# Your goal
Exactly reproduce the data from its first line through the line with "Next: the box [0, 0, 639, 440].", leaving out every line after it.

# Working data
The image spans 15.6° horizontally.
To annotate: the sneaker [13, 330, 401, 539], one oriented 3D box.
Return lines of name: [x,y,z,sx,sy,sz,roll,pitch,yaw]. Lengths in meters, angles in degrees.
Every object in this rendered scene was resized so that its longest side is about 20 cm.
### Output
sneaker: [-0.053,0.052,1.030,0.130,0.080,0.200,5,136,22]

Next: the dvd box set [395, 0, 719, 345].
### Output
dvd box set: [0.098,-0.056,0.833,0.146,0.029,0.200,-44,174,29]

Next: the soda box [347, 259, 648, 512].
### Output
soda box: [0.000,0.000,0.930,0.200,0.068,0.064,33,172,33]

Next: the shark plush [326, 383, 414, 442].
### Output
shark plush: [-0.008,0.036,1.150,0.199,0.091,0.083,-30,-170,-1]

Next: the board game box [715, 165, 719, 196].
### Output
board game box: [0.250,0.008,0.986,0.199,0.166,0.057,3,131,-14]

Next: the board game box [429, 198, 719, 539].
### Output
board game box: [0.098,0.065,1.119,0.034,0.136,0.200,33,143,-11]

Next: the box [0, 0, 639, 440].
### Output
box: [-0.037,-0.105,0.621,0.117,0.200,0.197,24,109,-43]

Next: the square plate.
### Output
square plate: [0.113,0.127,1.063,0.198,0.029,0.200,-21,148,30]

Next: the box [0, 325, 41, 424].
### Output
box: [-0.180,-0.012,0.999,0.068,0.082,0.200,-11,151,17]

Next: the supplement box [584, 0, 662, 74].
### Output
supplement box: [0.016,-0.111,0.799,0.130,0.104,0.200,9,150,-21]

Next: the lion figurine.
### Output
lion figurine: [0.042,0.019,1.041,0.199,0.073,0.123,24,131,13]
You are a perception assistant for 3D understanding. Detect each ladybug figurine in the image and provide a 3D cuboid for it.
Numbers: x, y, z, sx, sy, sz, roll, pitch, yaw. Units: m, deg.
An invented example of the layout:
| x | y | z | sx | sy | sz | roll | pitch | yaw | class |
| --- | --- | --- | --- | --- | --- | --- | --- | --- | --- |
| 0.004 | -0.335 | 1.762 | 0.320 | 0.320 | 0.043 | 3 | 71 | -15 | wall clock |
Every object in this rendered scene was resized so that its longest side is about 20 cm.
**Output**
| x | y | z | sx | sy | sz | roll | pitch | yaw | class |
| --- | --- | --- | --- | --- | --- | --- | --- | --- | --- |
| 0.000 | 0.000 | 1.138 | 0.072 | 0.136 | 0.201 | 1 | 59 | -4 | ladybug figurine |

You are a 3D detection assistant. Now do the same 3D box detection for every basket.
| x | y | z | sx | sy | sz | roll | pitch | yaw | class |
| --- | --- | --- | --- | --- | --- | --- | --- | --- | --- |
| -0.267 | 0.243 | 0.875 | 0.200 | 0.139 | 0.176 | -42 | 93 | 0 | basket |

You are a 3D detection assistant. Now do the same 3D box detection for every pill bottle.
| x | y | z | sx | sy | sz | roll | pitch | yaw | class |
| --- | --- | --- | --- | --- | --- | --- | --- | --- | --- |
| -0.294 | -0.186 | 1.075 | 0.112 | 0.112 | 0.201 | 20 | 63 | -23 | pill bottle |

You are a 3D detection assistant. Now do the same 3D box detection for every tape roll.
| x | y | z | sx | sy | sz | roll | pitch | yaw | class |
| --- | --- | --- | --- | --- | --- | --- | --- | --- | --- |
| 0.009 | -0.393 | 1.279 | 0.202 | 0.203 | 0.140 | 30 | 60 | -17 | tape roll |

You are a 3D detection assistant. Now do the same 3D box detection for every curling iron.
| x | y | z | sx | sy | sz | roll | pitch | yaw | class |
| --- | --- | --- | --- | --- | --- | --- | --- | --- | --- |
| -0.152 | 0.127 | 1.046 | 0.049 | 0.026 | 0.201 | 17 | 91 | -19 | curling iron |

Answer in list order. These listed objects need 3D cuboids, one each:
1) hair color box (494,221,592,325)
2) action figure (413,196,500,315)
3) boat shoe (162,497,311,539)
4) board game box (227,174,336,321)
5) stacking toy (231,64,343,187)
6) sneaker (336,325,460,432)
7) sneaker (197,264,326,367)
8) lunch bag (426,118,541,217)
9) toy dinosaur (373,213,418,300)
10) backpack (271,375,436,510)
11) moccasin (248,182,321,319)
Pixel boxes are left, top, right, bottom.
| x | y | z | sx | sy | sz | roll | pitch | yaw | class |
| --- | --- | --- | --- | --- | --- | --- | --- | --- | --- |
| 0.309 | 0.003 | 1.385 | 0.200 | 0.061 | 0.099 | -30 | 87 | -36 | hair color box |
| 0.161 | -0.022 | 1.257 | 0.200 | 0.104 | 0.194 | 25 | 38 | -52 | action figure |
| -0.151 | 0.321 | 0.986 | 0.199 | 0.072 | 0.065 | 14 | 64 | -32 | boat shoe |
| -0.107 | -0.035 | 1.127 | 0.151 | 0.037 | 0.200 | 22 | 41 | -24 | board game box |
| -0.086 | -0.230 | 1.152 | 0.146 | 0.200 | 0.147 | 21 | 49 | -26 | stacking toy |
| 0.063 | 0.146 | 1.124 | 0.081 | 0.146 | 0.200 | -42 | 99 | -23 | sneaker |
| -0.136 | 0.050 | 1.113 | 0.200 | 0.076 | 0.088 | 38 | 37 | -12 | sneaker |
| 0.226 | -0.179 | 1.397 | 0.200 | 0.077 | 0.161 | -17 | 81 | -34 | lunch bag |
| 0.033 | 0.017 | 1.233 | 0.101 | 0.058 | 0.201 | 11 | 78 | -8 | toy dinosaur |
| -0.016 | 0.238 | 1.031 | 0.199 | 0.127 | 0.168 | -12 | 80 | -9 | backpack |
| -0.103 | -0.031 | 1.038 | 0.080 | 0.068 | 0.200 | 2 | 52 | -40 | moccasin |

# Expected output
The image spans 15.6° horizontally.
To annotate: the sneaker [13, 330, 401, 539], one oriented 3D box.
Return lines of name: [x,y,z,sx,sy,sz,roll,pitch,yaw]. Lengths in meters, angles in degrees.
Every object in this rendered scene was resized so that its longest side is about 20 cm.
### Output
sneaker: [-0.053,0.052,1.030,0.130,0.080,0.200,5,136,22]

Next: the dvd box set [395, 0, 719, 345].
### Output
dvd box set: [0.098,-0.056,0.833,0.146,0.029,0.200,-44,174,29]

Next: the soda box [347, 259, 648, 512].
### Output
soda box: [0.000,0.000,0.930,0.200,0.068,0.064,33,172,33]

Next: the shark plush [326, 383, 414, 442].
### Output
shark plush: [-0.008,0.036,1.150,0.199,0.091,0.083,-30,-170,-1]

Next: the board game box [715, 165, 719, 196].
### Output
board game box: [0.250,0.008,0.986,0.199,0.166,0.057,3,131,-14]

Next: the board game box [429, 198, 719, 539].
### Output
board game box: [0.098,0.065,1.119,0.034,0.136,0.200,33,143,-11]

Next: the box [0, 0, 639, 440].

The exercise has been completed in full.